__What is expected__. Please find all lines containing "maker" in the listing below and copy them.

*** Opening Extracted material ***

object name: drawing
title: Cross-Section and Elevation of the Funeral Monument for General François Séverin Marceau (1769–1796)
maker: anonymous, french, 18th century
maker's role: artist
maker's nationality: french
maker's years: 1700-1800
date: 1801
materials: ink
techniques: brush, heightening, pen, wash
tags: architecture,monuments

*** Closing Extracted material ***
*** Opening Extracted material ***

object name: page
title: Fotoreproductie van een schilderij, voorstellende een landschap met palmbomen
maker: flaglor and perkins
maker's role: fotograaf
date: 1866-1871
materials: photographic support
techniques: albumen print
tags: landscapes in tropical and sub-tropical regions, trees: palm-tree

*** Closing Extracted material ***
*** Opening Extracted material ***

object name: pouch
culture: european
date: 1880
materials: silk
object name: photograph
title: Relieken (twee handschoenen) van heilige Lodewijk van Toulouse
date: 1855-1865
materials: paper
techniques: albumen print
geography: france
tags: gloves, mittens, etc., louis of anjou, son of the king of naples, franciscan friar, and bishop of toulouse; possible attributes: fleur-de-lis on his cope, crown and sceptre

*** Closing Extracted material ***

__Written solution__.
maker: anonymous, french, 18th century
maker's role: artist
maker's nationality: french
maker's years: 1700-1800
maker: flaglor and perkins
maker's role: fotograaf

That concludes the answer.